** Aim of the exercise **
Only a number is required: how many lines of the material contain the word "high"?

** Materials provided **
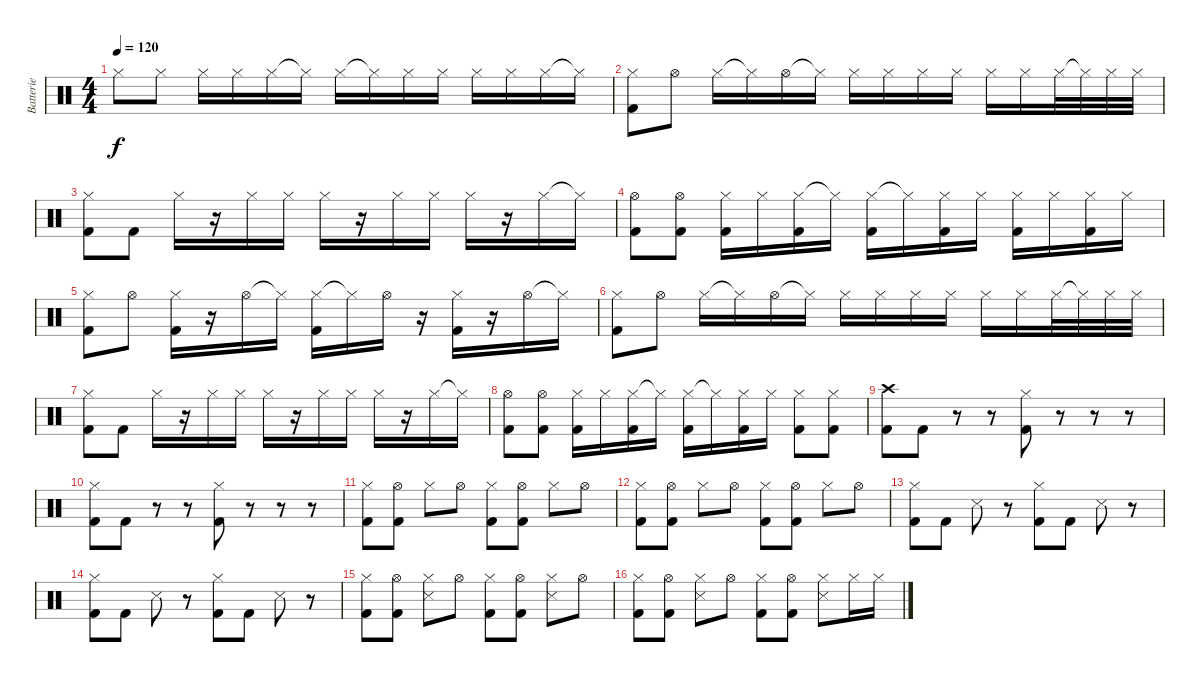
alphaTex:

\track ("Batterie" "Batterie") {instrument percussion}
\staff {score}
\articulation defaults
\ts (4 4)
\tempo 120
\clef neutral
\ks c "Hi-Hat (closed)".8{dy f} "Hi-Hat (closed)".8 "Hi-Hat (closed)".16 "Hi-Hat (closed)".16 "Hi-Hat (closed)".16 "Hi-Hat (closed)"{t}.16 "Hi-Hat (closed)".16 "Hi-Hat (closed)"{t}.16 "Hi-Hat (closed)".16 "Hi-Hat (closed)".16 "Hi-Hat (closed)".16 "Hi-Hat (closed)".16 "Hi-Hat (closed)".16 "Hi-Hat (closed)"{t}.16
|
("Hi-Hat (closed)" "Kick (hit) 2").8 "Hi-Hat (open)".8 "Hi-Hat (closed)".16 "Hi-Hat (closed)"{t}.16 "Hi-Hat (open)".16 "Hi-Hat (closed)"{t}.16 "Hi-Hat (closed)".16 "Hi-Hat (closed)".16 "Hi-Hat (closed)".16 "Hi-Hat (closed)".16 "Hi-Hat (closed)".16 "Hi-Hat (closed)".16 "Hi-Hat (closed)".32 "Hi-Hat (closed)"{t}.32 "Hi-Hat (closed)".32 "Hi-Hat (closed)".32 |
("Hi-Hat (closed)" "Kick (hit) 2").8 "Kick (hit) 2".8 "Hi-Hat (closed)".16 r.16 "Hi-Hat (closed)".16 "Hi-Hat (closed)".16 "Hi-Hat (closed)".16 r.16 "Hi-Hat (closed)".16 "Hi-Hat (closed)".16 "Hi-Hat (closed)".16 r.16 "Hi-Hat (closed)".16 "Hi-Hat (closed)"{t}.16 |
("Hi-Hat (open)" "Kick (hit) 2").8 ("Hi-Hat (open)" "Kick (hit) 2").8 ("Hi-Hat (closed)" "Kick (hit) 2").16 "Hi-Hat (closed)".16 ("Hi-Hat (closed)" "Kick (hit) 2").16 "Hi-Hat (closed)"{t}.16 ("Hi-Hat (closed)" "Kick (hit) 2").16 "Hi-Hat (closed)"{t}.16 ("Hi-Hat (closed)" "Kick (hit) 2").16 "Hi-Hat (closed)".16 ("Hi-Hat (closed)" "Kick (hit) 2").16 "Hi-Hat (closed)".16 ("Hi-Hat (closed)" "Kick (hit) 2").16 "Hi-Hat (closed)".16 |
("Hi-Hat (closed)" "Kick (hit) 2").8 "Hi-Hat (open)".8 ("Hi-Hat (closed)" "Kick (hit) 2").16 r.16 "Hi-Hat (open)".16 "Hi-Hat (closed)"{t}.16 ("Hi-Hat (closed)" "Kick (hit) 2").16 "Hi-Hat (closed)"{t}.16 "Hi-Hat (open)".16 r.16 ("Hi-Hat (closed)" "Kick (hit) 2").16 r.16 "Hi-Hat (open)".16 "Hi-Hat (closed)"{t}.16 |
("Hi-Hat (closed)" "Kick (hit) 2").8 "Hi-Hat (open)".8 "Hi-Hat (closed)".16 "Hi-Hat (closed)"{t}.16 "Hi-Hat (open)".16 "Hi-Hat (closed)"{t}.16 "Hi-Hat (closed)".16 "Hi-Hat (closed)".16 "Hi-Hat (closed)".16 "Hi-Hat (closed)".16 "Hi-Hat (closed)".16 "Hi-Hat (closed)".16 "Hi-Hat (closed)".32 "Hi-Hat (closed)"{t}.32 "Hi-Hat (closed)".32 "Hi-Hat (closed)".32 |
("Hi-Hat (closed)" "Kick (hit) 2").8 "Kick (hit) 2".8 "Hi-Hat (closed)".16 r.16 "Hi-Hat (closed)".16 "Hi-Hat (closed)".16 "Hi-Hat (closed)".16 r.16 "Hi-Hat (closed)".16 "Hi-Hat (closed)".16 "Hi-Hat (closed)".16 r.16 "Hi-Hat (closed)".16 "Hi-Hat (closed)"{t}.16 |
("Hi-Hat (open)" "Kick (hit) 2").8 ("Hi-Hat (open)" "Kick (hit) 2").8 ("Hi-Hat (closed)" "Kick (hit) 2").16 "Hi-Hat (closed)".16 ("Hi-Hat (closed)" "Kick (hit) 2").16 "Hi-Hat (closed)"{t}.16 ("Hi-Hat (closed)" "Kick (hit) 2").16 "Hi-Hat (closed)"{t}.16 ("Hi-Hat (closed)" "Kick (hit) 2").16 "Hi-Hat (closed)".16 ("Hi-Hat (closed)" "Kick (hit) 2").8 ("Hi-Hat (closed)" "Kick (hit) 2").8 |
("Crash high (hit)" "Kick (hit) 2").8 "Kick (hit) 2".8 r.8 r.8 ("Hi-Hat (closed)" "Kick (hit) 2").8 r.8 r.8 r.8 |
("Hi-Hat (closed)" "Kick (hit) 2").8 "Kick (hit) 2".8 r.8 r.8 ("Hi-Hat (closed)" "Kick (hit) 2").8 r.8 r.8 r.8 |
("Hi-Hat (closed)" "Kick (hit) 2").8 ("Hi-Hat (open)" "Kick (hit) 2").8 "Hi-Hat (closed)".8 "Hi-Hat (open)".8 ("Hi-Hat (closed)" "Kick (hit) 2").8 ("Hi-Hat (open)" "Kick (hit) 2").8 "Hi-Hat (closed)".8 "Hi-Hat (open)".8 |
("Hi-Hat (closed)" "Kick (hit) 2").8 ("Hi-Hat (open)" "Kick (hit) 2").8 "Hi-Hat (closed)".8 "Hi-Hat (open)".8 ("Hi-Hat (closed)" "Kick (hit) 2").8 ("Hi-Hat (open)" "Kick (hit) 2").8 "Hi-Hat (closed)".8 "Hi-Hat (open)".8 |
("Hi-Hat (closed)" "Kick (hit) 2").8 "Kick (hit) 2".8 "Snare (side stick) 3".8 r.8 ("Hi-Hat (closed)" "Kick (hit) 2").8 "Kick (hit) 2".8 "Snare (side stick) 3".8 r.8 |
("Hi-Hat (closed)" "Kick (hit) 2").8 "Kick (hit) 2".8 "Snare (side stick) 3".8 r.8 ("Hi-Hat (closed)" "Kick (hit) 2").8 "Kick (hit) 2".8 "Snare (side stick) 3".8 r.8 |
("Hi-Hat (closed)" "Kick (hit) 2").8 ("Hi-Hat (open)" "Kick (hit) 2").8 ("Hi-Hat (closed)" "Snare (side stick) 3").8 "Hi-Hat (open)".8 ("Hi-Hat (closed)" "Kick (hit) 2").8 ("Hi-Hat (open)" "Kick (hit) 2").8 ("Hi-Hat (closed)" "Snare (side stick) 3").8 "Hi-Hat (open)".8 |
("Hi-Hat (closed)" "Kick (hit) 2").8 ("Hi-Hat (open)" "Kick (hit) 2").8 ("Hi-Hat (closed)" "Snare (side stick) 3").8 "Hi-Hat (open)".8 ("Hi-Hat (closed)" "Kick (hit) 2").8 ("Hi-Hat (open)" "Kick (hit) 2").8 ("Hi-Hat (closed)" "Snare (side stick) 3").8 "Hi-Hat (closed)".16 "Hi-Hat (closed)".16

--

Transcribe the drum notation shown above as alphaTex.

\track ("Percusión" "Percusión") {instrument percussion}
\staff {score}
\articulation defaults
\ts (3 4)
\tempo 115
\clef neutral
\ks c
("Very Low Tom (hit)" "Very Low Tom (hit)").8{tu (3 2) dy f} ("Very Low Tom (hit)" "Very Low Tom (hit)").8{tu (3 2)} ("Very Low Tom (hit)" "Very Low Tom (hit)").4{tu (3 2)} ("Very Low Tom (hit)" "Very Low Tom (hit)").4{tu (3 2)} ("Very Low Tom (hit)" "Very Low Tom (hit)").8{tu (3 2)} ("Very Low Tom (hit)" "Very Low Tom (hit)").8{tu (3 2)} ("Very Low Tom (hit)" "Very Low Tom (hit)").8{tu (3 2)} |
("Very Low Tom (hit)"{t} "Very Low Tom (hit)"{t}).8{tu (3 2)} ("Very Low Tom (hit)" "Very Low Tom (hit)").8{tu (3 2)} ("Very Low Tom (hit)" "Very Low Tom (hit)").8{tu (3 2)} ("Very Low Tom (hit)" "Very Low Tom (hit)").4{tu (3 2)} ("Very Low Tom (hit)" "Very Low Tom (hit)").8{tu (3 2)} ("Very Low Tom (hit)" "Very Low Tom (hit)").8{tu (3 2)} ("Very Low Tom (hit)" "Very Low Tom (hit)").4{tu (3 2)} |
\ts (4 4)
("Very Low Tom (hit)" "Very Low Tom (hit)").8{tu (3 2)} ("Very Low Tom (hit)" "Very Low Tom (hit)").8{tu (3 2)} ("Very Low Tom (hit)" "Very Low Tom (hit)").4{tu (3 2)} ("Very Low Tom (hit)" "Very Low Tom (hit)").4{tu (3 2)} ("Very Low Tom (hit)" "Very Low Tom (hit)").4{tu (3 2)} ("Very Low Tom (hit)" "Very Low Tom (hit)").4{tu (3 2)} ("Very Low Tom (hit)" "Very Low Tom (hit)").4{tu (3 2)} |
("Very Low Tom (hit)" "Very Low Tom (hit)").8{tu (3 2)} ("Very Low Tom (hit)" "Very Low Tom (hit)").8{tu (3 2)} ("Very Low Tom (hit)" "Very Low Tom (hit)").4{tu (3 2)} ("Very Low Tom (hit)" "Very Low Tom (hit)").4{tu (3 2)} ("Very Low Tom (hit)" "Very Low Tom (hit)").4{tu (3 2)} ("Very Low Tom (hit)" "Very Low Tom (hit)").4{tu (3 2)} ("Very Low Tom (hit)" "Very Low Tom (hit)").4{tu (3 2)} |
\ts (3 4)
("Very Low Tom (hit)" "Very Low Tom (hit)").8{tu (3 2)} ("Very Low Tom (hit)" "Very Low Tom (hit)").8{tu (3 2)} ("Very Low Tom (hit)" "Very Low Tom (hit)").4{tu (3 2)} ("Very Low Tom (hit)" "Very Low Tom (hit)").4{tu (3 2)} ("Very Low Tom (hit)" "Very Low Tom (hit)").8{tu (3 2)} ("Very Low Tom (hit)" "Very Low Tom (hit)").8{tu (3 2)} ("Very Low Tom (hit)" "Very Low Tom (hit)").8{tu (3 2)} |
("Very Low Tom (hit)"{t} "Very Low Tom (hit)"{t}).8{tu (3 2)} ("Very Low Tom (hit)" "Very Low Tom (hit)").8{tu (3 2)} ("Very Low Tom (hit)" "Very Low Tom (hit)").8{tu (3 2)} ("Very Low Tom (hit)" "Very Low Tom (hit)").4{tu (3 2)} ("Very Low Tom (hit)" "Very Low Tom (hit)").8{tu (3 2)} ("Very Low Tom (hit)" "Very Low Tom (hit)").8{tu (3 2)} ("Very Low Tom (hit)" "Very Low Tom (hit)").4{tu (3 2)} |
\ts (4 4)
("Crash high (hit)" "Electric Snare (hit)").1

--

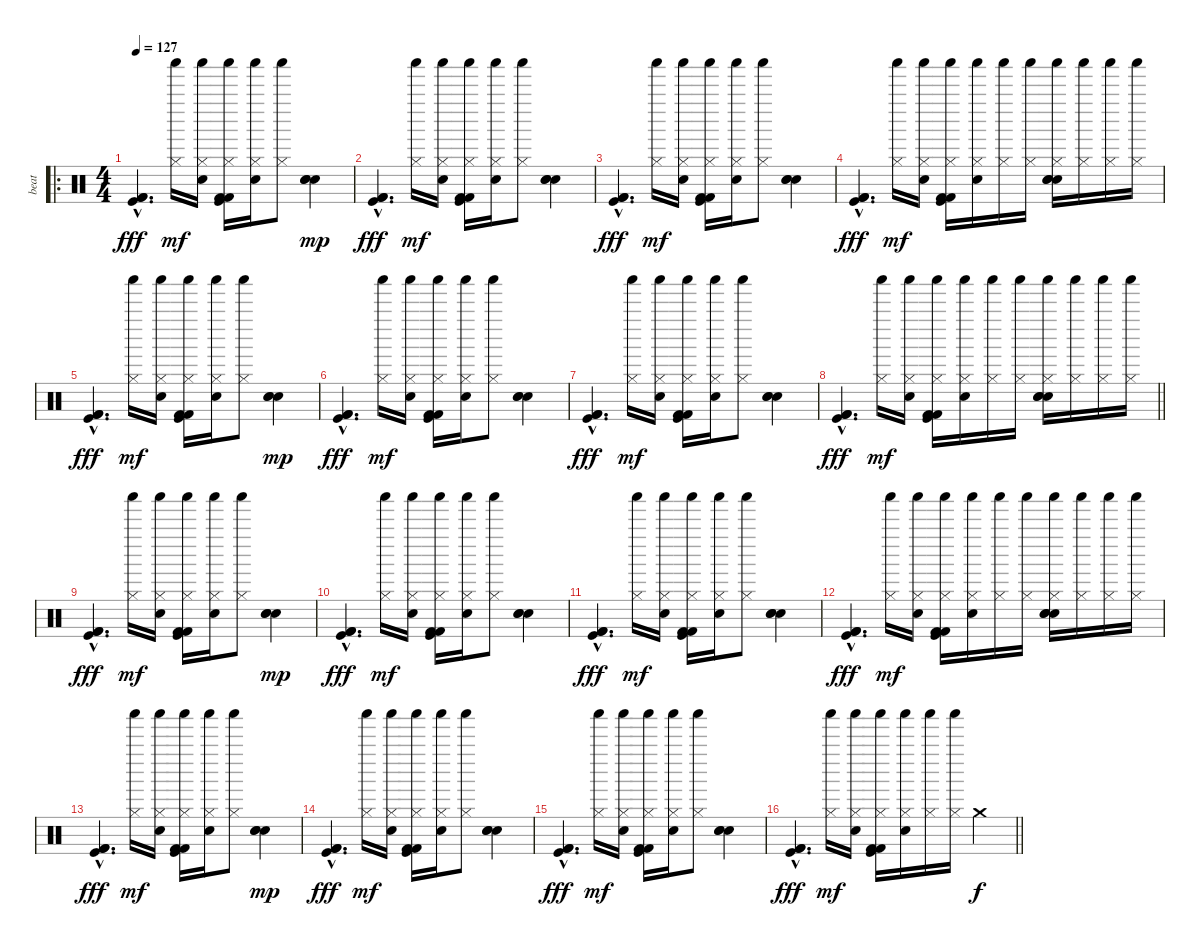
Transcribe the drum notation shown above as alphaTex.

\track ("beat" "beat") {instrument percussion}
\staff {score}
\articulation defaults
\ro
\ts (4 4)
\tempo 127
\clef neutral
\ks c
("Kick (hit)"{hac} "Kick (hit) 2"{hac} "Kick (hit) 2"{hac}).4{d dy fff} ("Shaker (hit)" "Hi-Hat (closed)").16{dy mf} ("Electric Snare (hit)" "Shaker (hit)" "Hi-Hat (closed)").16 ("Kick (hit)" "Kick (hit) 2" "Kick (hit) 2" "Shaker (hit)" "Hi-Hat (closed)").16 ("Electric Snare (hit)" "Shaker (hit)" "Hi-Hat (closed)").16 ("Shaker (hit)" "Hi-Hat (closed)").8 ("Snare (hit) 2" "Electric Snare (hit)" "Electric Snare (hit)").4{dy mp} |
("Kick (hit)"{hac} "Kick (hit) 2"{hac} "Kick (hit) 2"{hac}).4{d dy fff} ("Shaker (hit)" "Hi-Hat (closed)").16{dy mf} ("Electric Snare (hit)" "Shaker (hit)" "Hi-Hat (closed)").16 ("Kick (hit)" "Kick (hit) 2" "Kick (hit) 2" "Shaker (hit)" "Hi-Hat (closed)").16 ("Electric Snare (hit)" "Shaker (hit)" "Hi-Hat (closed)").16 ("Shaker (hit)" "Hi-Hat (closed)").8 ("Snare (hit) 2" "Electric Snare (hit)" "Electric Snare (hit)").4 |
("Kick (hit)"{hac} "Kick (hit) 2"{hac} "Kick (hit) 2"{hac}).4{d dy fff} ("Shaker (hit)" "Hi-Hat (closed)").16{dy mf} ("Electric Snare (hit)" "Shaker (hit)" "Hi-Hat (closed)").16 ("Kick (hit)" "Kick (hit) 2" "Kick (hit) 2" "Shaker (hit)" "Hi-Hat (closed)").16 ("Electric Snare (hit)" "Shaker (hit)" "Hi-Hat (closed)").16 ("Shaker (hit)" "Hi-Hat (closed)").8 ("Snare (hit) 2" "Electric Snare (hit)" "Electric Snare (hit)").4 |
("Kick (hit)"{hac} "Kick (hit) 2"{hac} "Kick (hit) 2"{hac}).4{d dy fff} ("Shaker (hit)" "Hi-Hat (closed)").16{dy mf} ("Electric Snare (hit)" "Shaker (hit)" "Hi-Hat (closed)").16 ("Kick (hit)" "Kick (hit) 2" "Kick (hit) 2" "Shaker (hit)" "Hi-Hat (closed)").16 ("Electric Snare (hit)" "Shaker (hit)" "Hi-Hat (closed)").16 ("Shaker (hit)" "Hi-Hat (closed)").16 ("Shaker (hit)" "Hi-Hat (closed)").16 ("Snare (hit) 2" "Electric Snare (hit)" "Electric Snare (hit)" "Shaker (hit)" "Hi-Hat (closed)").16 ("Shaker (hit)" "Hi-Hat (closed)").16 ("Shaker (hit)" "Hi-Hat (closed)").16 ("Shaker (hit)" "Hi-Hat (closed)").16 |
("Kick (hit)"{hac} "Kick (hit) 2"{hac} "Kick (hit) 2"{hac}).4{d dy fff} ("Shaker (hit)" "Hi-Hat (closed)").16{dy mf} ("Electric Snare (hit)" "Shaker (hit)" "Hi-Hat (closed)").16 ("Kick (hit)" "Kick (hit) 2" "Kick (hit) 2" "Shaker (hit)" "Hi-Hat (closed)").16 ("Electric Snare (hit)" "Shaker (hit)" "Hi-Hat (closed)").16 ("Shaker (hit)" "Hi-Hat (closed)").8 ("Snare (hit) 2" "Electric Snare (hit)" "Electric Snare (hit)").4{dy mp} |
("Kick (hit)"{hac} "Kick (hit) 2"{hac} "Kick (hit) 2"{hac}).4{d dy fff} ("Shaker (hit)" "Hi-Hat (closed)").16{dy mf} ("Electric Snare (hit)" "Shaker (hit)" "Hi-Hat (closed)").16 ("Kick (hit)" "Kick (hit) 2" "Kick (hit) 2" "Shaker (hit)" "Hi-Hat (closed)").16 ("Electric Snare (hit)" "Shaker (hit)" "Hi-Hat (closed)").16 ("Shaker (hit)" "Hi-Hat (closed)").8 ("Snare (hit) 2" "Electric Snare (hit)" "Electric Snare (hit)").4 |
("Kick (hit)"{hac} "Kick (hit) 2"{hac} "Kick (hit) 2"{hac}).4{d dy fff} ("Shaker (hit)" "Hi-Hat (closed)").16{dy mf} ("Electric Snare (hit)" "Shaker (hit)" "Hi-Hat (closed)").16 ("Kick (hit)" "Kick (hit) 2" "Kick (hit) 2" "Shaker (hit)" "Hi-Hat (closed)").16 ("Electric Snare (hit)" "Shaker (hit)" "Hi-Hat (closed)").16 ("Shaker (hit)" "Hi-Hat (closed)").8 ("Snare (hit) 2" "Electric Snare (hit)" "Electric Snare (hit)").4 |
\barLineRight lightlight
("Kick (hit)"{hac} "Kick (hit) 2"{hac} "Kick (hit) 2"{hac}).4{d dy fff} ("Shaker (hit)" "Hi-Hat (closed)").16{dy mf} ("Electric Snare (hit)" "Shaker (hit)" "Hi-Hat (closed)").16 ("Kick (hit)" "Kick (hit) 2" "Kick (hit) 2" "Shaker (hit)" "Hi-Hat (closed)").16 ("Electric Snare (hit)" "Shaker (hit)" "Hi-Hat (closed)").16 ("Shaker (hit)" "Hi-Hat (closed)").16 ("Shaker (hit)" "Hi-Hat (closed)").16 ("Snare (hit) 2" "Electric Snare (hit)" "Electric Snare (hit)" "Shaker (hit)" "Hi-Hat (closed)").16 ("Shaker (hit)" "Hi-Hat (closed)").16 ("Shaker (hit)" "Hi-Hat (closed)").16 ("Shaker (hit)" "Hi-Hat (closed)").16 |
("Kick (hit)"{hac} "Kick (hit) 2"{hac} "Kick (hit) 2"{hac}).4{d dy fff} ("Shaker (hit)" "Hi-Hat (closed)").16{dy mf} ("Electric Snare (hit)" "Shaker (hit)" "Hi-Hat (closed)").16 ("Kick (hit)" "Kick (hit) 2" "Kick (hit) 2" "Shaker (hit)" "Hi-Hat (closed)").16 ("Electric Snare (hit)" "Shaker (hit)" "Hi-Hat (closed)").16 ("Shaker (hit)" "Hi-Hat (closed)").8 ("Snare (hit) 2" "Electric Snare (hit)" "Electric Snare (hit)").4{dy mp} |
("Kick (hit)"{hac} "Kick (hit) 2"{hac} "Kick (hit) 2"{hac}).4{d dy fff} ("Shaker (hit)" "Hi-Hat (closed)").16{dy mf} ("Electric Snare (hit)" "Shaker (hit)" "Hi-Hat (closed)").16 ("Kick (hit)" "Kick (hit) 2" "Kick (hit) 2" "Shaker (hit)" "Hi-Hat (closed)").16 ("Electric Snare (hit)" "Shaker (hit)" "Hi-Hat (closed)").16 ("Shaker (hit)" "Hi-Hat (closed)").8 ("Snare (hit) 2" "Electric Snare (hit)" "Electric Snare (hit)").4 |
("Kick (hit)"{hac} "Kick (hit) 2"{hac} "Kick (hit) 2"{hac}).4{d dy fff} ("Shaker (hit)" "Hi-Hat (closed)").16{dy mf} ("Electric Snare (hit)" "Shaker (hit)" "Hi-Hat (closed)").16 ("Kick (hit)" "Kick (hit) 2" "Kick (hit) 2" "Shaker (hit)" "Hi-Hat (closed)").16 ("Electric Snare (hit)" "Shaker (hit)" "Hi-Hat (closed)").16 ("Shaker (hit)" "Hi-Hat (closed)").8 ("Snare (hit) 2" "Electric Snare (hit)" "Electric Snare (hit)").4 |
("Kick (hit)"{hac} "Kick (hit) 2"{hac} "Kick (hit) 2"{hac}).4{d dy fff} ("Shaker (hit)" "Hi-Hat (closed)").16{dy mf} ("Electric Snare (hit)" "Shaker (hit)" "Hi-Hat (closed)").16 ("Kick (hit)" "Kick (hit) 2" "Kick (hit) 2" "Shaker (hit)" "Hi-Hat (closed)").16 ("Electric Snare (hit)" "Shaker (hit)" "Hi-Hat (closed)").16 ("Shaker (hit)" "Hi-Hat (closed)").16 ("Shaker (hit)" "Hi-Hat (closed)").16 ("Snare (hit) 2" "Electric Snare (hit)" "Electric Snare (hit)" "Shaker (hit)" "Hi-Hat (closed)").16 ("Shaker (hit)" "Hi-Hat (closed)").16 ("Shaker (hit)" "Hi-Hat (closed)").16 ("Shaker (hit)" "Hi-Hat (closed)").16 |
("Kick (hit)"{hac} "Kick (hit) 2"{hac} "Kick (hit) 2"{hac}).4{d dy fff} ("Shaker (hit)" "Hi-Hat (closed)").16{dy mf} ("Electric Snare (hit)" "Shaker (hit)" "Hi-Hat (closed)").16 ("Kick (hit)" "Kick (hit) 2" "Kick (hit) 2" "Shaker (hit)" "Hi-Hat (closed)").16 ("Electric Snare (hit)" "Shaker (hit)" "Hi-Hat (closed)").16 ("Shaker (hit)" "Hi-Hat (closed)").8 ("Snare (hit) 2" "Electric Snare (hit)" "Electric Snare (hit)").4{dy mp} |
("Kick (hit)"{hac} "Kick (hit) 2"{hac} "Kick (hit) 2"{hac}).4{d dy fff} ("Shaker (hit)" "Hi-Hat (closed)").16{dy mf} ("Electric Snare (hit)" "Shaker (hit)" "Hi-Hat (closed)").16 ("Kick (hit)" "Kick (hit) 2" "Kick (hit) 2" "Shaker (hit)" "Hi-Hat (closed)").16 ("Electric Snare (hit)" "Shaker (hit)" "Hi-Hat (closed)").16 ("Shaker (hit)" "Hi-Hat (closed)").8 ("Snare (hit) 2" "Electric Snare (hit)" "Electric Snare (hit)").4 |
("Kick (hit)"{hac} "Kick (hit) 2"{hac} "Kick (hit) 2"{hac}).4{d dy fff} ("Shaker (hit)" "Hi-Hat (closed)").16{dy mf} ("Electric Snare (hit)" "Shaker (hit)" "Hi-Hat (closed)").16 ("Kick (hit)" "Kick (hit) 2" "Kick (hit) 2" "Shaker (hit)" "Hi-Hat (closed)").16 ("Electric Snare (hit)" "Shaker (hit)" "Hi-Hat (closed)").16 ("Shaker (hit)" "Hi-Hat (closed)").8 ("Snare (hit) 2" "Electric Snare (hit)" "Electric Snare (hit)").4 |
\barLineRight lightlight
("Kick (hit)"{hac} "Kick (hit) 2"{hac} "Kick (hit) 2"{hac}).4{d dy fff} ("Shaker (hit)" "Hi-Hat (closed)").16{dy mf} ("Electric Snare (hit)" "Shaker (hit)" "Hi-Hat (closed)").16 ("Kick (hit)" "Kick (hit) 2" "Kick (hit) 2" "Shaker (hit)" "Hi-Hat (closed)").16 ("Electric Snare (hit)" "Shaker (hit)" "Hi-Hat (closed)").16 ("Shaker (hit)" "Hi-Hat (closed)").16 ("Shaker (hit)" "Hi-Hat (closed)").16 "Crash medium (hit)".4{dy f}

** Exercise response **
2